U.S. troops, their trucks, ships and airplanes use close to 2 percent of the nation’s energy on an annual basis, making the military a small but significant consumer of fuel. In 2008, the U.S. Department of Defense used about 119 million barrels of oil for fuel.

To turn this around, the DOD has set goals to reduce its energy demand and increase its use of renewable energy – acquiring 50 percent of supplies from renewable sources that meet U.S. greenhouse gas emission initiatives by 2020. According to the DOD’s Quadrennial Defense Review in 2010, it views fuel efficiency and access to fuel supplies in friendly countries around the world as important “force multipliers.” They increase the military’s ability to operate where needed while limiting the number of combat forces needed to protect supply lines..

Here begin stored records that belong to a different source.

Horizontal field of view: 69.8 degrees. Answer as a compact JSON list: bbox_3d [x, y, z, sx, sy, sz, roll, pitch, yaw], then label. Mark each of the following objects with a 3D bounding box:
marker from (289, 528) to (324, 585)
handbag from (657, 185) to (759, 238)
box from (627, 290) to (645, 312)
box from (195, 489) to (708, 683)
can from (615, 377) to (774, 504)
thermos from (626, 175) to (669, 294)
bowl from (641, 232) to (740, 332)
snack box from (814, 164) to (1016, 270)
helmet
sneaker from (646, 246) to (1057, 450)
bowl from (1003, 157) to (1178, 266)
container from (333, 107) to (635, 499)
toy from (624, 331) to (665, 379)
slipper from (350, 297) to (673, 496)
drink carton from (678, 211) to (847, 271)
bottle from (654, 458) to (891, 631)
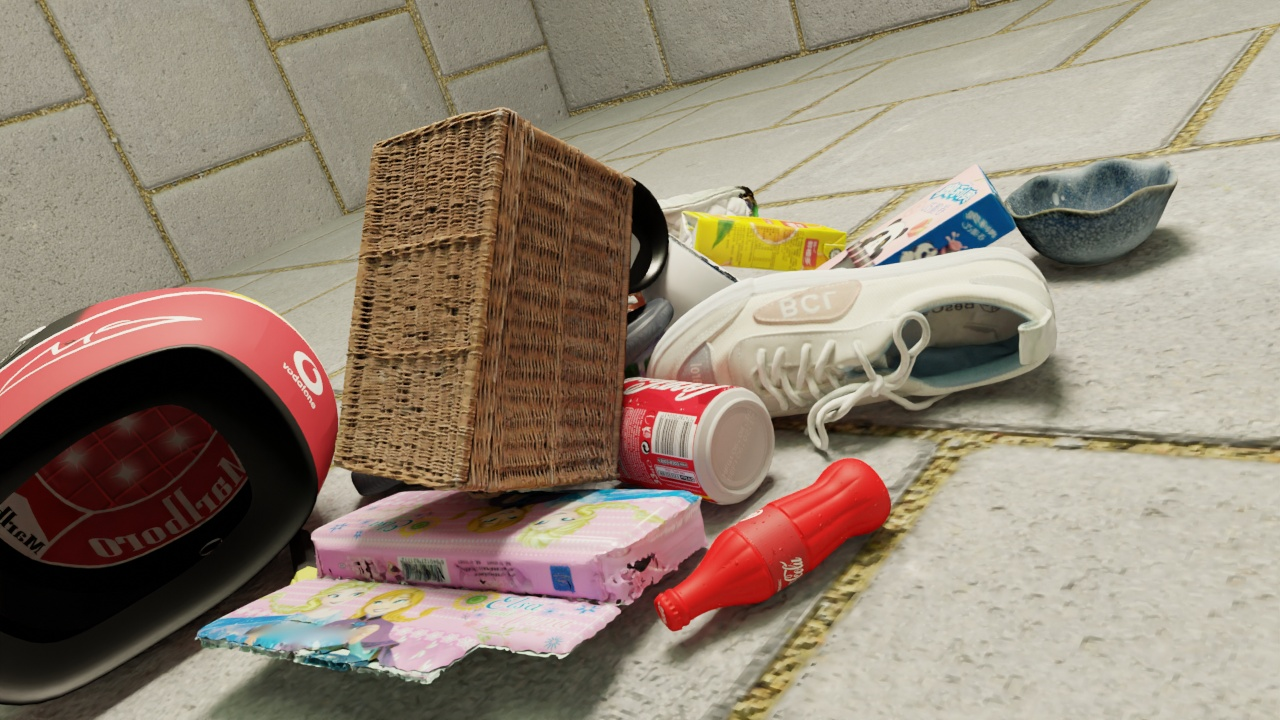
[{"bbox_3d":[-0.209,0.132,0.570,0.124,0.021,0.017,23,90,64],"label":"marker"},{"bbox_3d":[0.018,-0.137,1.002,0.195,0.072,0.138,-3,16,39],"label":"handbag"},{"bbox_3d":[0.022,-0.052,0.835,0.056,0.064,0.188,11,1,-29],"label":"box"},{"bbox_3d":[-0.100,0.106,0.469,0.231,0.035,0.158,-6,10,35],"label":"box"},{"bbox_3d":[0.020,0.044,0.525,0.064,0.064,0.105,-34,24,-35],"label":"can"},{"bbox_3d":[-0.088,-0.071,0.710,0.241,0.082,0.082,-11,19,48],"label":"thermos"},{"bbox_3d":[0.046,-0.043,0.692,0.063,0.113,0.113,-56,18,9],"label":"bowl"},{"bbox_3d":[0.188,-0.077,0.663,0.154,0.033,0.087,-34,13,25],"label":"snack box"},{"bbox_3d":[-0.335,0.068,0.598,0.270,0.198,0.225,-39,27,-25],"label":"helmet"},{"bbox_3d":[0.113,-0.004,0.532,0.243,0.089,0.090,-12,23,17],"label":"sneaker"},{"bbox_3d":[0.316,-0.100,0.645,0.110,0.055,0.110,-16,20,6],"label":"bowl"},{"bbox_3d":[-0.081,-0.024,0.506,0.114,0.198,0.112,0,-7,41],"label":"container"},{"bbox_3d":[-0.004,0.004,0.699,0.080,0.036,0.099,-28,15,5],"label":"toy"},{"bbox_3d":[-0.102,0.006,0.641,0.268,0.083,0.110,-28,7,16],"label":"slipper"},{"bbox_3d":[0.104,-0.100,0.792,0.134,0.043,0.058,3,14,-13],"label":"drink carton"},{"bbox_3d":[0.059,0.086,0.418,0.118,0.036,0.036,-27,21,-20],"label":"bottle"}]

Navy Director for Operational Energy Chris Tindal reviewed progress on the Navy’s plans to deploy a Great Green Fleet powered by renewable and low-carbon energy by 2016 in a speech this month at BIO’s World Congress on Industrial Biotechnology in Toronto. According to Tindal, “We want to be able to pull into different ports around the globe and be able to refuel on biofuels.” In other words, the Navy does not want to sail its Great Green Fleet with a long convoy of tankers providing the fuel, as this would recreate the need to protect a long supply line – a disadvantage similar to the current reliance on oil.

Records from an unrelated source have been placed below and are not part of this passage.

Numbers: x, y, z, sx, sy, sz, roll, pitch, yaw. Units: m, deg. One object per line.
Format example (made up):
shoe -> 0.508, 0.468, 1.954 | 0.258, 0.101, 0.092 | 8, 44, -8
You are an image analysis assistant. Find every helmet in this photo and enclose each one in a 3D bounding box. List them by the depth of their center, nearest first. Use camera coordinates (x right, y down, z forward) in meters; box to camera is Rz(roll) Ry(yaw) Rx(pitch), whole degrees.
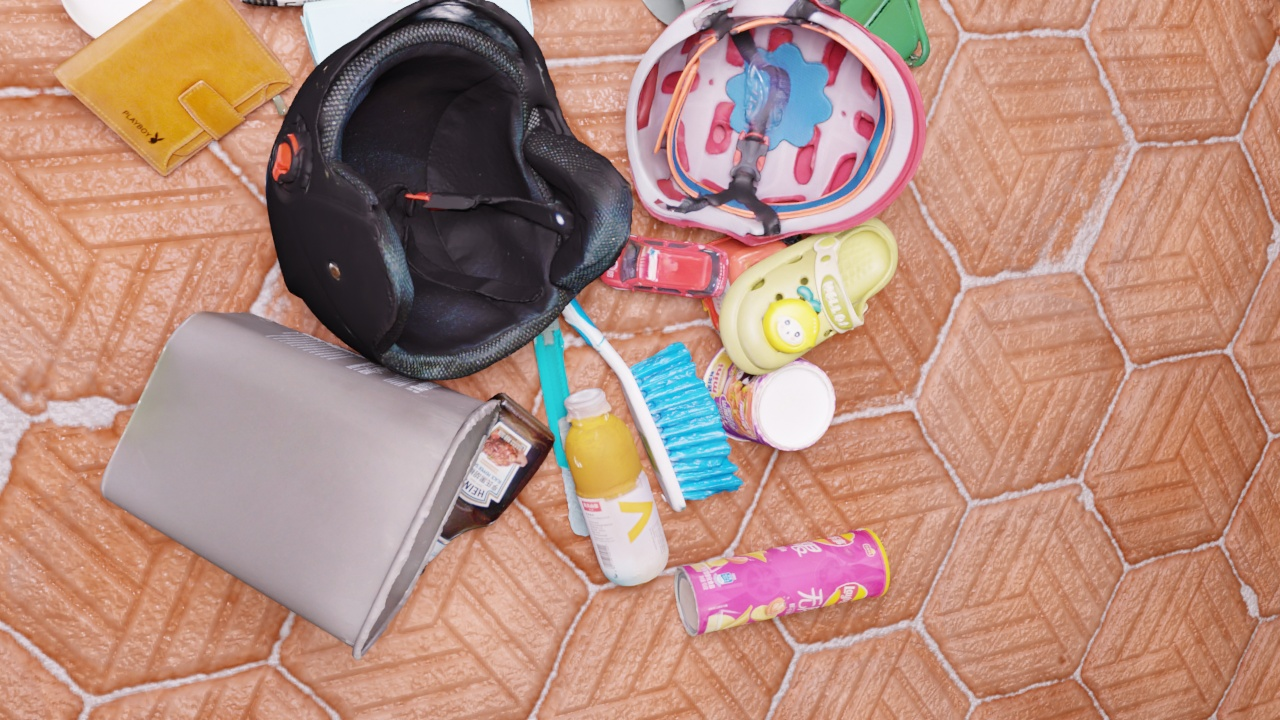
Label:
helmet -> -0.159, -0.123, 0.682 | 0.232, 0.230, 0.275 | -21, 116, -44
helmet -> 0.114, -0.215, 0.785 | 0.240, 0.143, 0.207 | 11, 123, 3

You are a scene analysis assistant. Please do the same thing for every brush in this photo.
brush -> -0.005, 0.005, 0.857 | 0.109, 0.060, 0.314 | -24, 103, -9

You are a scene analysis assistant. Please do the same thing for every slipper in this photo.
slipper -> 0.155, -0.061, 0.794 | 0.190, 0.082, 0.091 | -35, 106, -12

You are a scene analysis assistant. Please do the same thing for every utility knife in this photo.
utility knife -> -0.071, 0.065, 0.864 | 0.029, 0.013, 0.221 | -13, 104, -15

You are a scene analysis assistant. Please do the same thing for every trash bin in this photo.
trash bin -> -0.249, 0.076, 0.704 | 0.220, 0.199, 0.198 | 27, 90, -2

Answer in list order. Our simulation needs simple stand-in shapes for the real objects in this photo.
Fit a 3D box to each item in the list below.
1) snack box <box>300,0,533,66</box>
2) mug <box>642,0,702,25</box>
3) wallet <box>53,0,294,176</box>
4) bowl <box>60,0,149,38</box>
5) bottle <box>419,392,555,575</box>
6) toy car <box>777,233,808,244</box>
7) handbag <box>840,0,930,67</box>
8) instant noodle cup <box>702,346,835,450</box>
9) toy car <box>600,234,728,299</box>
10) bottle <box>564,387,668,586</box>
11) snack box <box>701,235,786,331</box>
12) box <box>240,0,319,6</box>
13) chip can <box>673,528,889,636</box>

Advanced biofuels represent the best option for meeting military needs. Tactical biorefineries can be established in strategic locations, such as Hawaii or other friendly countries, making use of local feedstocks to produce sustainable biofuels for the military.

The Navy and Air Force have both worked with biofuel suppliers to conduct tests and certify that biofuels meet exacting requirements for performance and cost. For instance, Solazyme – a California algae oil producer –delivered to the Navy 20,000 gallons of jet and diesel from algae, the largest amount of advanced biofuel ever produced. And Sustainable Oils – a renewable fuel producer in Montana – supplied camelina-based bio-jet fuel for a 2010 test flight at supersonic speeds of the U.S. Navy’s F/A-18 “Green Hornet” aircraft.

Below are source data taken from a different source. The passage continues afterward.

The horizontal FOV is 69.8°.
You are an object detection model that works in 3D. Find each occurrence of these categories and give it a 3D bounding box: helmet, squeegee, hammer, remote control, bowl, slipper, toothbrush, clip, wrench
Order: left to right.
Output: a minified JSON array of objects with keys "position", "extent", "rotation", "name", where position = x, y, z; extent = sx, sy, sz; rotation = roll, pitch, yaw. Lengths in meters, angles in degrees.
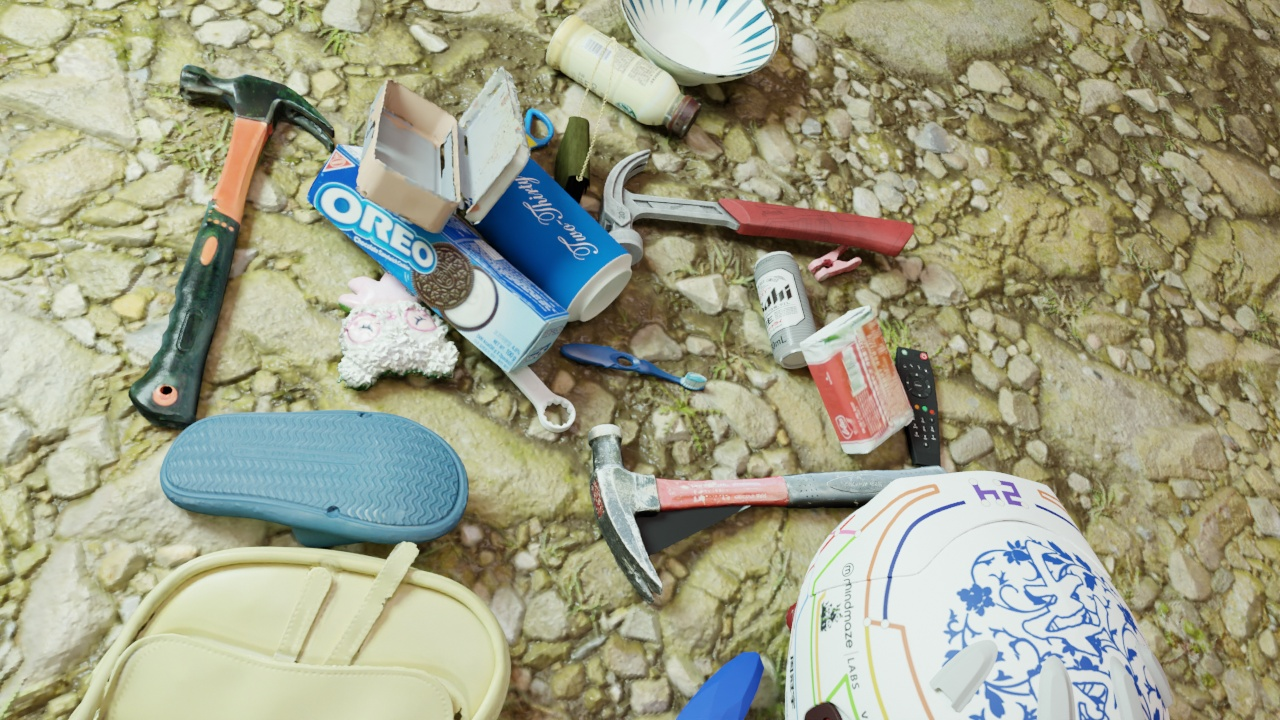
[{"position":[-0.337,-0.099,0.733],"extent":[0.133,0.033,0.332],"rotation":[11,59,-14],"name":"hammer"},{"position":[-0.226,0.083,0.649],"extent":[0.214,0.059,0.103],"rotation":[8,49,1],"name":"slipper"},{"position":[-0.150,-0.043,0.775],"extent":[0.047,0.009,0.273],"rotation":[-37,78,-32],"name":"wrench"},{"position":[-0.005,0.005,0.794],"extent":[0.132,0.016,0.021],"rotation":[15,55,-11],"name":"toothbrush"},{"position":[0.053,-0.347,0.986],"extent":[0.177,0.071,0.177],"rotation":[9,59,-15],"name":"bowl"},{"position":[0.035,0.267,0.630],"extent":[0.249,0.055,0.184],"rotation":[32,42,18],"name":"squeegee"},{"position":[0.117,-0.139,0.896],"extent":[0.315,0.036,0.126],"rotation":[4,57,-11],"name":"hammer"},{"position":[0.120,0.118,0.762],"extent":[0.325,0.036,0.140],"rotation":[0,59,-19],"name":"hammer"},{"position":[0.192,-0.102,0.922],"extent":[0.058,0.022,0.037],"rotation":[-26,75,-28],"name":"clip"},{"position":[0.263,0.044,0.867],"extent":[0.039,0.010,0.124],"rotation":[10,58,-13],"name":"remote control"},{"position":[0.220,0.232,0.606],"extent":[0.231,0.237,0.313],"rotation":[5,60,-14],"name":"helmet"}]

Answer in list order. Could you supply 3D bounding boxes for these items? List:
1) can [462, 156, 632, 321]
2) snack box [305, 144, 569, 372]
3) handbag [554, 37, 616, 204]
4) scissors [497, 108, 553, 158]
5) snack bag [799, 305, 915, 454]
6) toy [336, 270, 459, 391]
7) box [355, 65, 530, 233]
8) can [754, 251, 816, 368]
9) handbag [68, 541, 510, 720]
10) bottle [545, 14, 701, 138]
[{"position":[-0.080,-0.106,0.794],"extent":[0.146,0.079,0.078],"rotation":[45,57,9],"name":"can"},{"position":[-0.163,-0.084,0.743],"extent":[0.226,0.059,0.059],"rotation":[41,18,6],"name":"snack box"},{"position":[-0.044,-0.209,0.806],"extent":[0.027,0.178,0.084],"rotation":[7,59,-16],"name":"handbag"},{"position":[-0.124,-0.195,0.870],"extent":[0.105,0.019,0.131],"rotation":[9,58,-10],"name":"scissors"},{"position":[0.194,0.018,0.817],"extent":[0.076,0.036,0.116],"rotation":[-30,101,-32],"name":"snack bag"},{"position":[-0.200,-0.031,0.733],"extent":[0.095,0.041,0.108],"rotation":[-8,62,-24],"name":"toy"},{"position":[-0.163,-0.190,0.751],"extent":[0.105,0.096,0.216],"rotation":[22,26,-24],"name":"box"},{"position":[0.136,-0.047,0.856],"extent":[0.044,0.044,0.106],"rotation":[1,61,-19],"name":"can"},{"position":[-0.205,0.199,0.568],"extent":[0.233,0.089,0.190],"rotation":[25,62,-3],"name":"handbag"},{"position":[-0.015,-0.285,0.935],"extent":[0.162,0.057,0.056],"rotation":[32,56,1],"name":"bottle"}]

There is a potential to benefit civilian aviation as well. As Tindal noted in his speech, the military can help biotech and algae biofuel companies scale up their technologies and drive prices down by acting as an early adopter. The U.S. military exercises sufficient purchasing power to drive development of new fuels in sufficient quantities at the right price. The private commercial airline industry and the military collectively use 1.5 million barrels of jet fuel per day.

There are legislative efforts that would help the military become the technology leader in scaling up commercial production of sustainable biofuels, such as algae. BIO supports legislation allowing the Department of Defense to engage in long-term contracts for purchasing biofuels. These contracts would provide significant market stability for small companies trying to commercialize new technologies and would help them to attract private investment to build the small biorefineries in strategic locations around the world that the military needs.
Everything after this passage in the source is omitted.